So that's kind of what they want.
They're sort of socialist, but they're also anti-communist.
So the CIA really likes them at this point.
So in 1958, there's a big military coup that overthrows the king of Iraq, and a new asshole named Qasim winds up in charge of the country.
The CIA didn't like Qasim because he was kind of pro-Soviet Union.
And since the Baath party also hated Qasim, the CIA was like, these guys are clearly our friends.
They become sympathizers.
Yeah.
Okay, got it.
So Saddam was working as a teacher during this period of time.
Yeah, teaching.
I'm not sure what.
I haven't found any details about it.
He's not in a rate my professor.
Where are his students at?
Yeah.
Like, what kind of teacher was Saddam?
Do we know what age he was teaching?
I mean, I'm going to guess, like, teenagers, but I really have no idea.
Ooh, we should not let teens around Saddam.
Is it better if he's teaching like kindergarten?
Definitely funnier if he's teaching kindergarten.
Saddam helping little kids put blocks in their right hole.
You know, I think that that is a good way to neutralize a threat is to just put them around little cutie pies and tell them what the color blue is.
Yeah, well, a lot of these monsters are really good with kids.
Hitler probably would have been an all right kindergarten teacher.
Oh, geez.
Yeah.
So he's teaching probably teenagers.
Yeah, he's teaching probably teenagers, but I don't know exactly.
Because I'm a hack.
Hot teacher Saddam.
Yeah, hot teacher Saddam.
And hot teacher Saddam and his friends wind up getting the attention of the CIA.
And the CIA is like, you guys want to assassinate the president?
And Saddam and his friends are like, yeah, we want to assassinate the president.
And so the CIA gives them all weapons and helps them plan a daring murder.
It is crazy how many people are just down to give Saddam Hussein guns.
That's his whole childhood age, just people giving him guns.
What is it about him?
And then everyone's just like, we've got to arm this man.
He's a trustworthy man.
You know what this guy's problem is?
Not enough guns.
You know, I like everything, but what I really could use is more violence.
Yeah.
What if we just strap a gun to him?
Oh, boy.
Okay, so now the CIA is giving Saddam a gun.
Saddam and his friends.
Yeah.
And so they get set up to go assassinate President Qasim.
And Saddam's job in this assassination is to provide cover for everybody while they run up to the president's car with machine guns and gun him down.

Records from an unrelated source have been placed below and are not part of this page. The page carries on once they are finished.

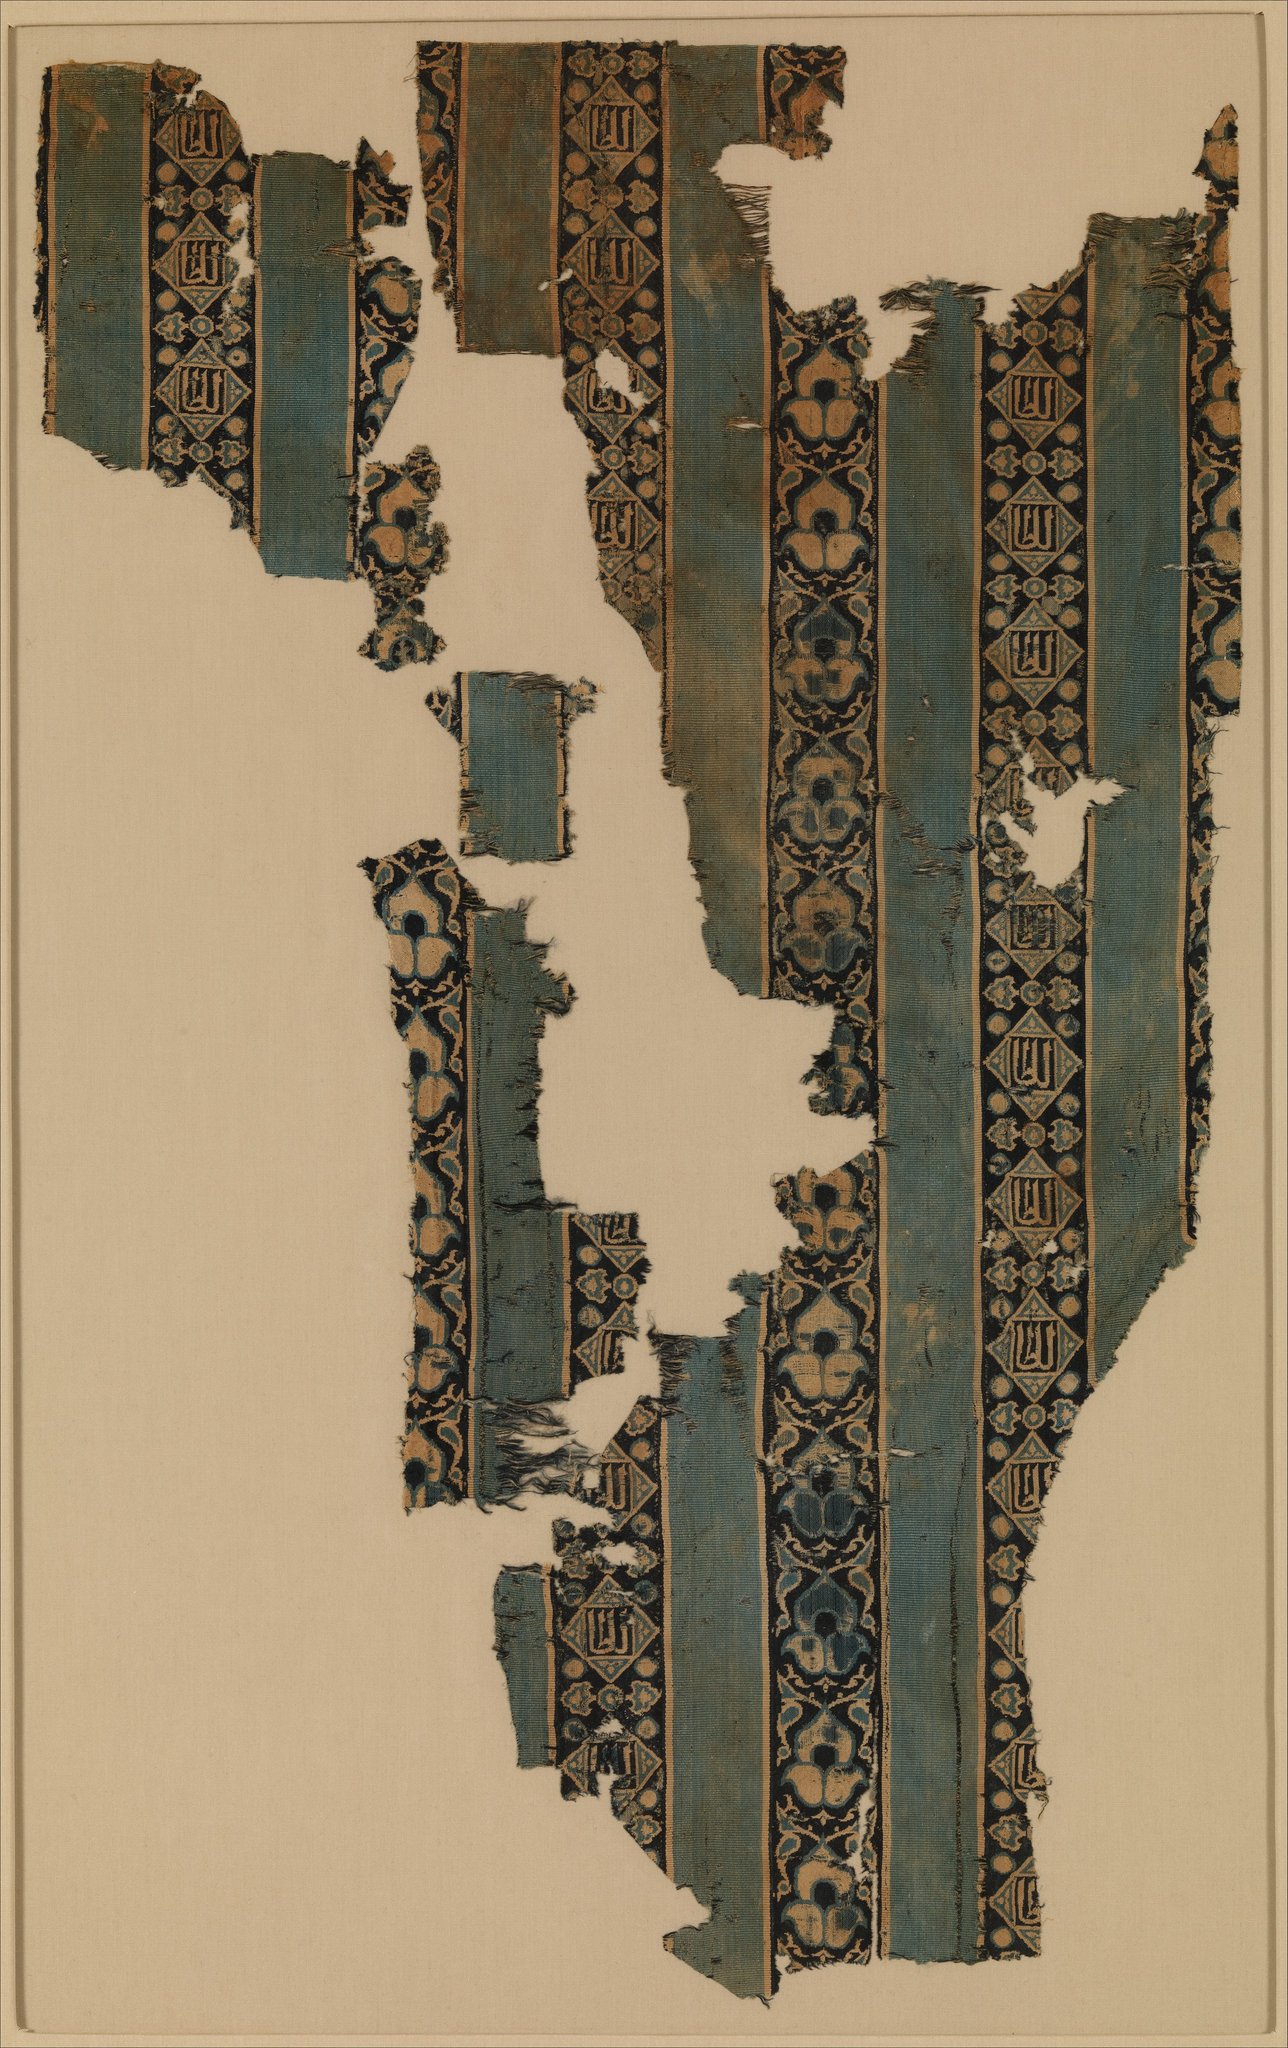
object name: textile fragment
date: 1301-1400
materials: silk
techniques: weave
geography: egypt
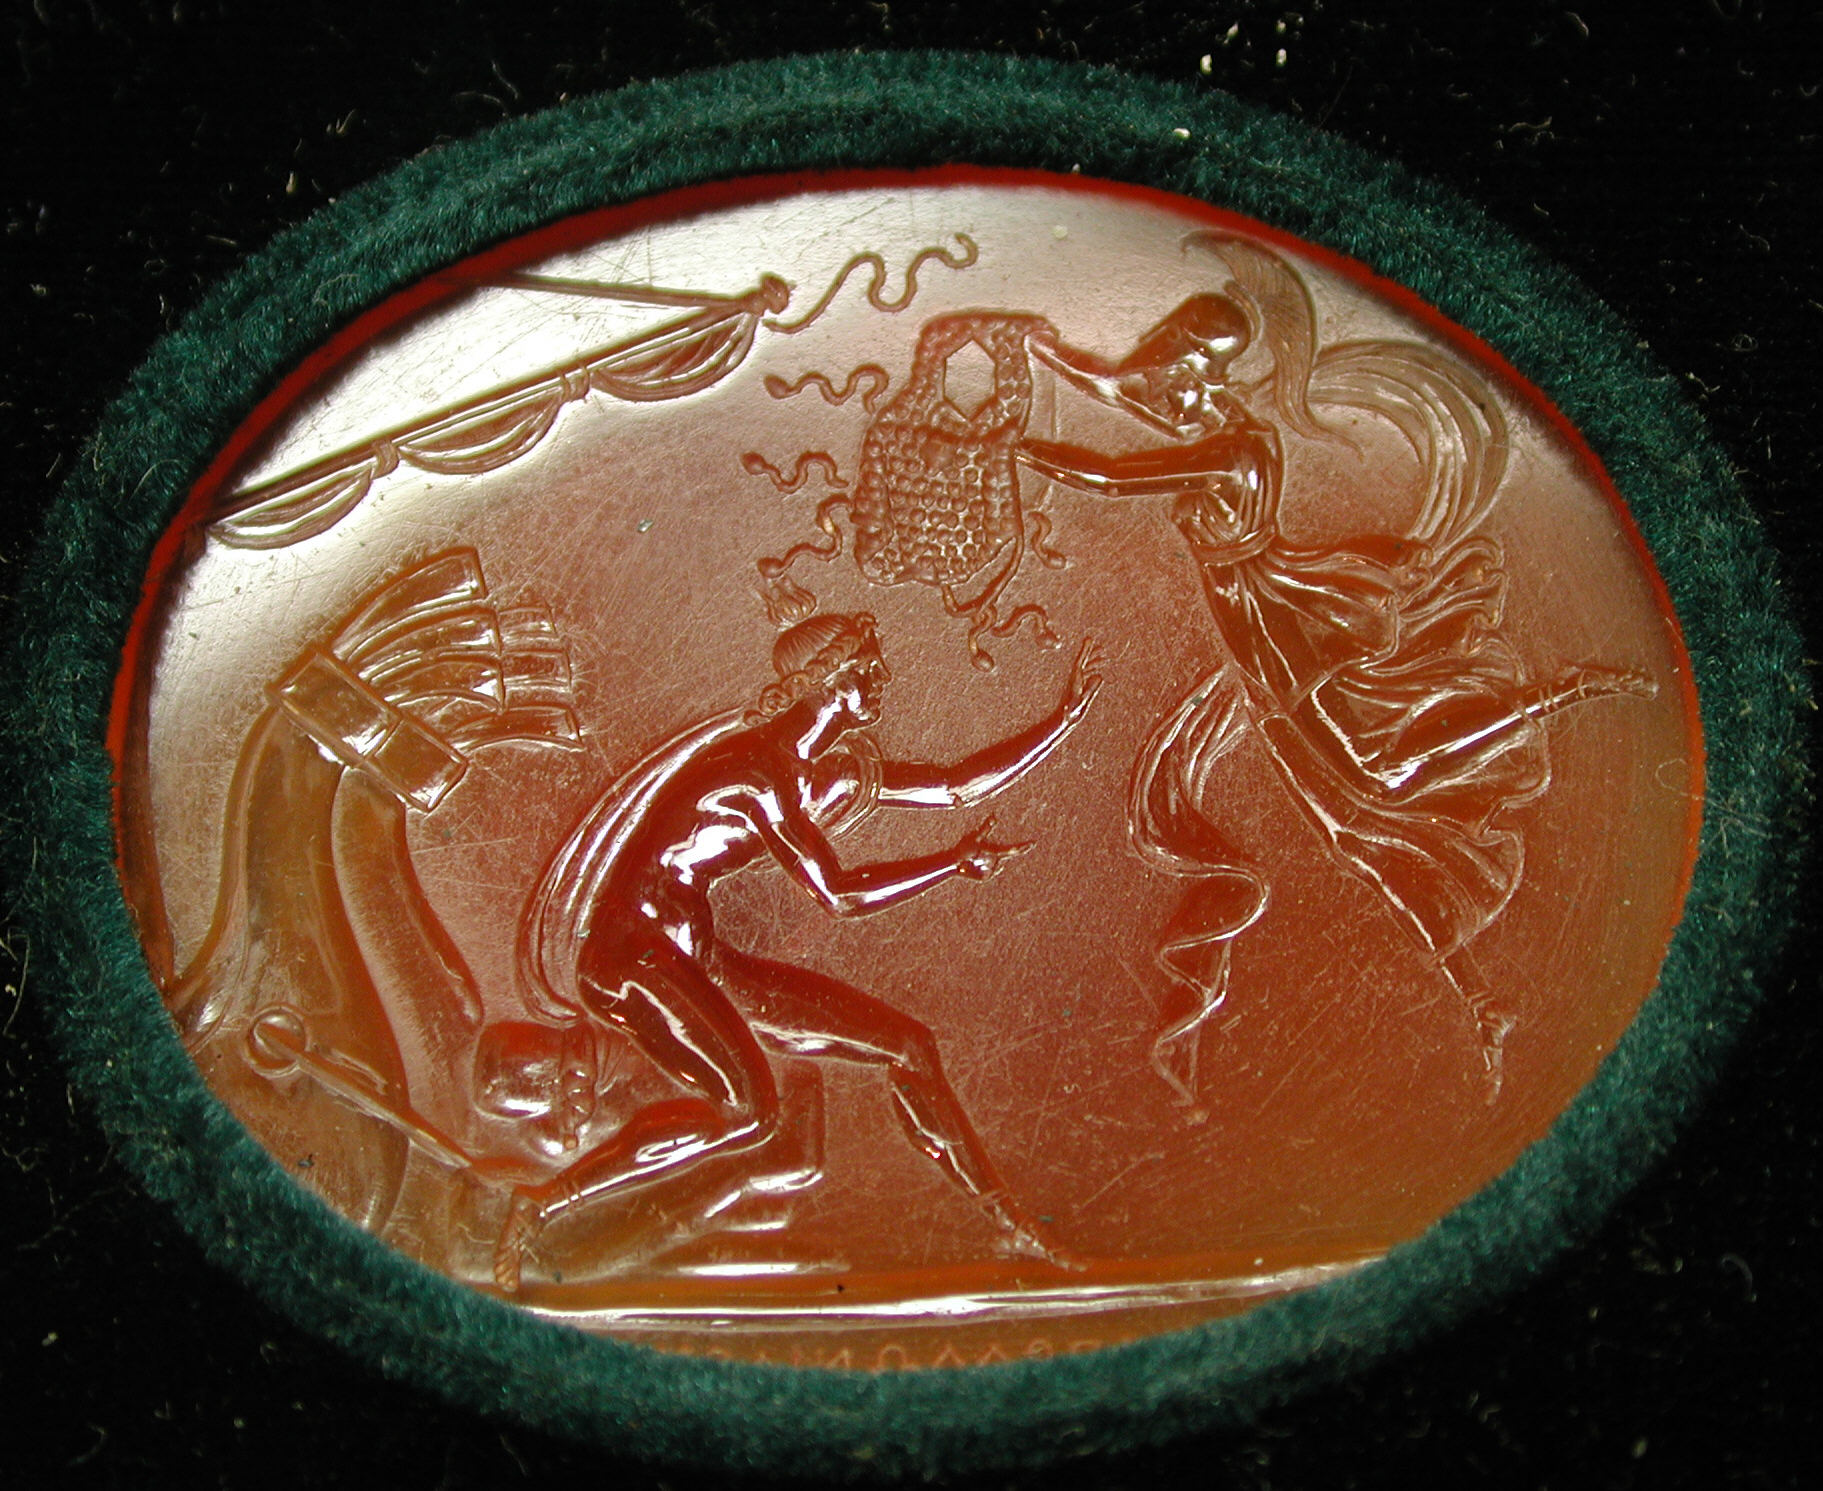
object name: intaglio
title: Minerva throwing her aegis over Achilles
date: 1801-1833
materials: gemstone
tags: achilles,minerva

Things instantly got fucked up.
Depending on who you believe, Saddam either got so excited when the gunfire started that he rushed up to shoot the president too, or he panicked before the attempt even started and fired his gun into the air.
We don't really know what happened, but the whole attempt has been described as a farce.
One assassin was given the wrong bullets for his gun by the CIA.
Another assassin got a hand grenade caught in the lining of his coat.
So it was just a disaster.
The president survived.
Saddam got shot in the leg as he was fleeing.
Very noel coward vibe to that assassination.
Very silly sounding.
Yeah, you could imagine like Yakati Sachs being a solid assassin soundtrack for that.
Are we in the 60s yet, or is he still in college age?
I think this is the early 60s because Qasim took power in 58.
So this is Saddam's 60s, hilariously failed assassination attempts.
Okay.
So Saddam gets shot in the leg.
The official version of the story, and by that I mean like the Iraqi government's official version of the story, was that he and a friend had to remove the bullet with a razor blade and scissors so they get a little like boondock saints thing there.
Okay.
And they claimed he was still in high school at the time, but that doesn't track with the actual time frame.
But like the version of the story Saddam wanted people to believe is that he like removed the bullet from his own leg and then went back to school.
Went to math class.
I mean, that is a narrative that is exciting.
That is a cool narrative.
I got boondoxed and then I went to algebra too.
Yeah.
Okay.
Wasn't going to miss my fucking quiz or whatever.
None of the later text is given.